How about a heat gun from HF. They're cheap enough with a 20% off coupon (look online for the coupon).
http://t.harborfreight.com/1500-watt-dual-temperature-heat-gun-572-1112-96289.html


----------



## tarzan (Oct 29, 2014)

You could also try a top down fire. Basicly you put newspaper (rolled up and tied in a loose knot) on top of the kindling. The theory is by the newspaper being on top it will help to heat the flue quicker.

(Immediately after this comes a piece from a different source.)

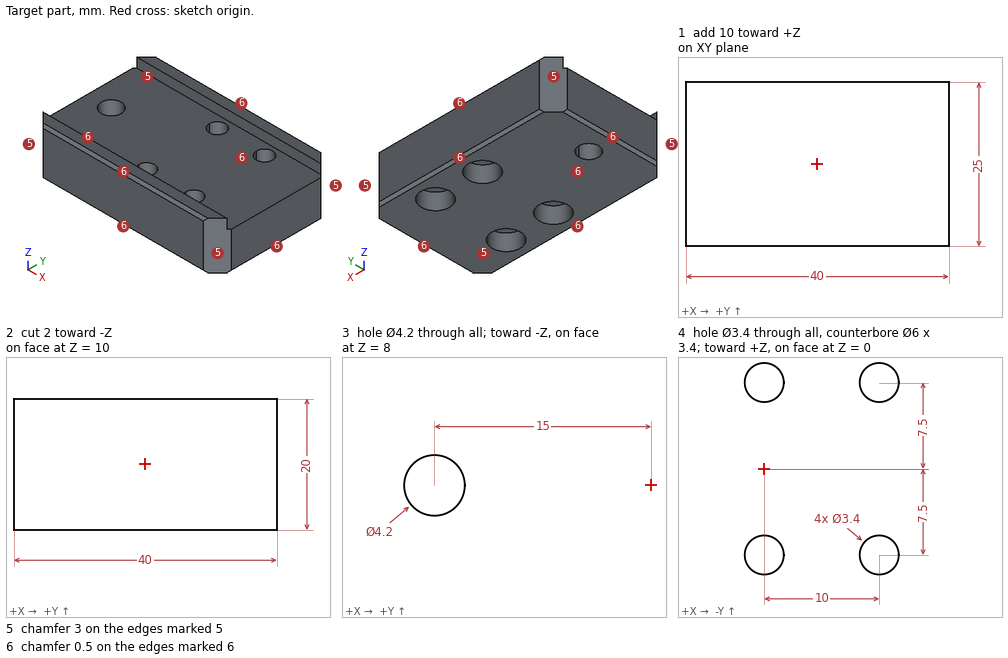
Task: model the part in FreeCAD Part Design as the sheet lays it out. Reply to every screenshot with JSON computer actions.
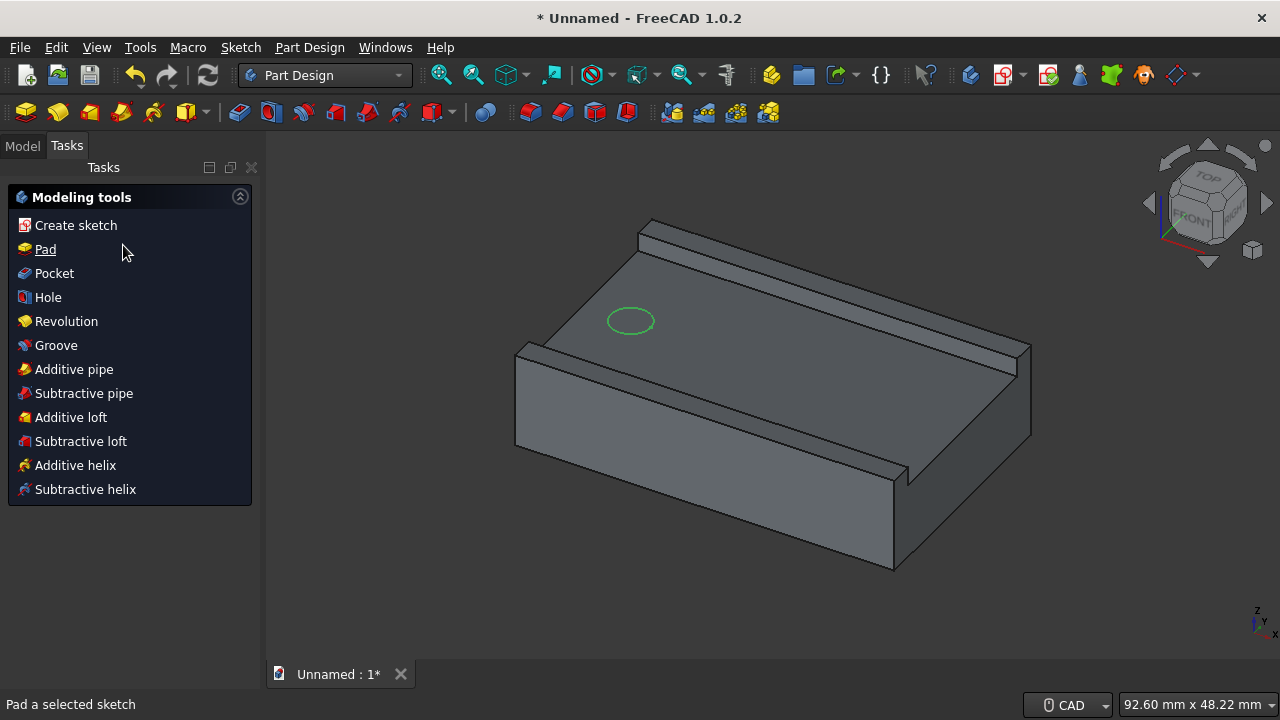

I tried it just a few days ago when the newspaper I had under my kindling failed. Rather than moving all the kindling to start over I just threw 4 pieces of rolled up newspaper on top and tried it. To my surprise, it worked very well.


----------



## sigepsb (Oct 29, 2014)

tarzan said:


> You could also try a top down fire. Basicly you put newspaper (rolled up and tied in a loose knot) on top of the kindling. The theory is by the newspaper being on top it will help to heat the flue quicker.
> 
> I tried it just a few days ago when the newspaper I had under my kindling failed. Rather than moving all the kindling to start over I just threw 4 pieces of rolled up newspaper on top and tried it. To my surprise, it worked very well.




I started doing the top down method after seeing it on here. Where has that been my whole life? Works great.


----------



## velvetfoot (Oct 29, 2014)

I put my hand near the baffle first to see if any cold air is coming down.  I crack open a nearby window and use pieces of newspaper to get things going in the right direction.


----------



## Nick Mystic (Oct 29, 2014)

Nobody is addressing where the smoke is exiting the unit. The OP said, "when I start my fire smoke backs up and comes through the vest ( probably meant vent) and blower unit."  The only way smoke can be getting into the blower unit so that it can leak out the vent is if there is an opening in the firebox letting smoke escape into the shroud around the outside of the firebox. If this is the case then you would need to locate the crack, hole, etc. and see if it can be corrected.


----------



## firefighterjake (Oct 29, 2014)

Ummm . . . maybe that's because the OP wrote this back in the Fall of 2012 and hasn't been on here since January of this year.


----------



## tarzan (Oct 29, 2014)

Dolp and Dolp


----------



## BrotherBart (Oct 29, 2014)

And on that musical note.


----------